### Data for processing

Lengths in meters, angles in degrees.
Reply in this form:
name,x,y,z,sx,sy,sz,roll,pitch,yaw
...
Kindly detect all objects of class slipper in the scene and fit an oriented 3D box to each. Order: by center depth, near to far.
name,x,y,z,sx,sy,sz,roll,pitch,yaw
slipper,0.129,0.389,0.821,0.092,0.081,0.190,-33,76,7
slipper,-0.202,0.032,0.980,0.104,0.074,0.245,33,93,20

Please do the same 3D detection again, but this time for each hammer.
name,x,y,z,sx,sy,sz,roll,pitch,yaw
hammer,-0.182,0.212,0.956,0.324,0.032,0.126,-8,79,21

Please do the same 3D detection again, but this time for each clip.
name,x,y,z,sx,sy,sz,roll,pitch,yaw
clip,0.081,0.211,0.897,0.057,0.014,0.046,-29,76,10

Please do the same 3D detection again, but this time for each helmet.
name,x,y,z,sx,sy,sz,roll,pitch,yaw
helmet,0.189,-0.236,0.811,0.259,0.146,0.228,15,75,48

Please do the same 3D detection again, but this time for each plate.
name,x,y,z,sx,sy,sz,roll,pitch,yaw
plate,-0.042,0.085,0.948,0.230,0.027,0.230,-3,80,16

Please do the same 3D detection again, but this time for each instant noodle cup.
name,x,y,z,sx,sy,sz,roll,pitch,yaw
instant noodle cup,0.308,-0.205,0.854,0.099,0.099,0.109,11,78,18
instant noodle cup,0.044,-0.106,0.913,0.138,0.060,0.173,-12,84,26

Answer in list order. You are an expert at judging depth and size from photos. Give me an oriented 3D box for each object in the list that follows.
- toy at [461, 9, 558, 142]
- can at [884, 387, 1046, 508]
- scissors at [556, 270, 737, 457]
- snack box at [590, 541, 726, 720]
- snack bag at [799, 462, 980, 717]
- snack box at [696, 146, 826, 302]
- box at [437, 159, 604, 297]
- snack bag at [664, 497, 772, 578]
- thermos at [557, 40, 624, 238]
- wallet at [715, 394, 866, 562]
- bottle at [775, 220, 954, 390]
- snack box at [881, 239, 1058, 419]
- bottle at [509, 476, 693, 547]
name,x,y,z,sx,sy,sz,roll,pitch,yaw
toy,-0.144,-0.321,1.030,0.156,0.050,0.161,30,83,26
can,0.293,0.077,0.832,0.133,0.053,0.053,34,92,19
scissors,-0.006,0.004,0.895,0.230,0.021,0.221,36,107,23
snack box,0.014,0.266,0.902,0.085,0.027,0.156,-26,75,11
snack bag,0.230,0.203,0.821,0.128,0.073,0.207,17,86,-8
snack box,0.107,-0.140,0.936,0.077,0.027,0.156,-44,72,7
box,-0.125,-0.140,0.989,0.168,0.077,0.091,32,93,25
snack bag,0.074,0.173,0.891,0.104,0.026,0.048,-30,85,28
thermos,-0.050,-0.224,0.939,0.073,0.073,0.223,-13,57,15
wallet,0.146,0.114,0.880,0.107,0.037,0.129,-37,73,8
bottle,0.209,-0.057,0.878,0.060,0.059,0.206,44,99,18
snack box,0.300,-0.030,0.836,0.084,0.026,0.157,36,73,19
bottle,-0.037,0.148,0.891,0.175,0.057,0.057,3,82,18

######

Problem details - From the entries above, write out only the lines starting at the line that holds "Kindly detect all" and ending at the line that holds "- snack box at [881, 239, 1058, 419]", keeping both and matching them exactly.

Response for this exercise -
Kindly detect all objects of class slipper in the scene and fit an oriented 3D box to each. Order: by center depth, near to far.
name,x,y,z,sx,sy,sz,roll,pitch,yaw
slipper,0.129,0.389,0.821,0.092,0.081,0.190,-33,76,7
slipper,-0.202,0.032,0.980,0.104,0.074,0.245,33,93,20

Please do the same 3D detection again, but this time for each hammer.
name,x,y,z,sx,sy,sz,roll,pitch,yaw
hammer,-0.182,0.212,0.956,0.324,0.032,0.126,-8,79,21

Please do the same 3D detection again, but this time for each clip.
name,x,y,z,sx,sy,sz,roll,pitch,yaw
clip,0.081,0.211,0.897,0.057,0.014,0.046,-29,76,10

Please do the same 3D detection again, but this time for each helmet.
name,x,y,z,sx,sy,sz,roll,pitch,yaw
helmet,0.189,-0.236,0.811,0.259,0.146,0.228,15,75,48

Please do the same 3D detection again, but this time for each plate.
name,x,y,z,sx,sy,sz,roll,pitch,yaw
plate,-0.042,0.085,0.948,0.230,0.027,0.230,-3,80,16

Please do the same 3D detection again, but this time for each instant noodle cup.
name,x,y,z,sx,sy,sz,roll,pitch,yaw
instant noodle cup,0.308,-0.205,0.854,0.099,0.099,0.109,11,78,18
instant noodle cup,0.044,-0.106,0.913,0.138,0.060,0.173,-12,84,26

Answer in list order. You are an expert at judging depth and size from photos. Give me an oriented 3D box for each object in the list that follows.
- toy at [461, 9, 558, 142]
- can at [884, 387, 1046, 508]
- scissors at [556, 270, 737, 457]
- snack box at [590, 541, 726, 720]
- snack bag at [799, 462, 980, 717]
- snack box at [696, 146, 826, 302]
- box at [437, 159, 604, 297]
- snack bag at [664, 497, 772, 578]
- thermos at [557, 40, 624, 238]
- wallet at [715, 394, 866, 562]
- bottle at [775, 220, 954, 390]
- snack box at [881, 239, 1058, 419]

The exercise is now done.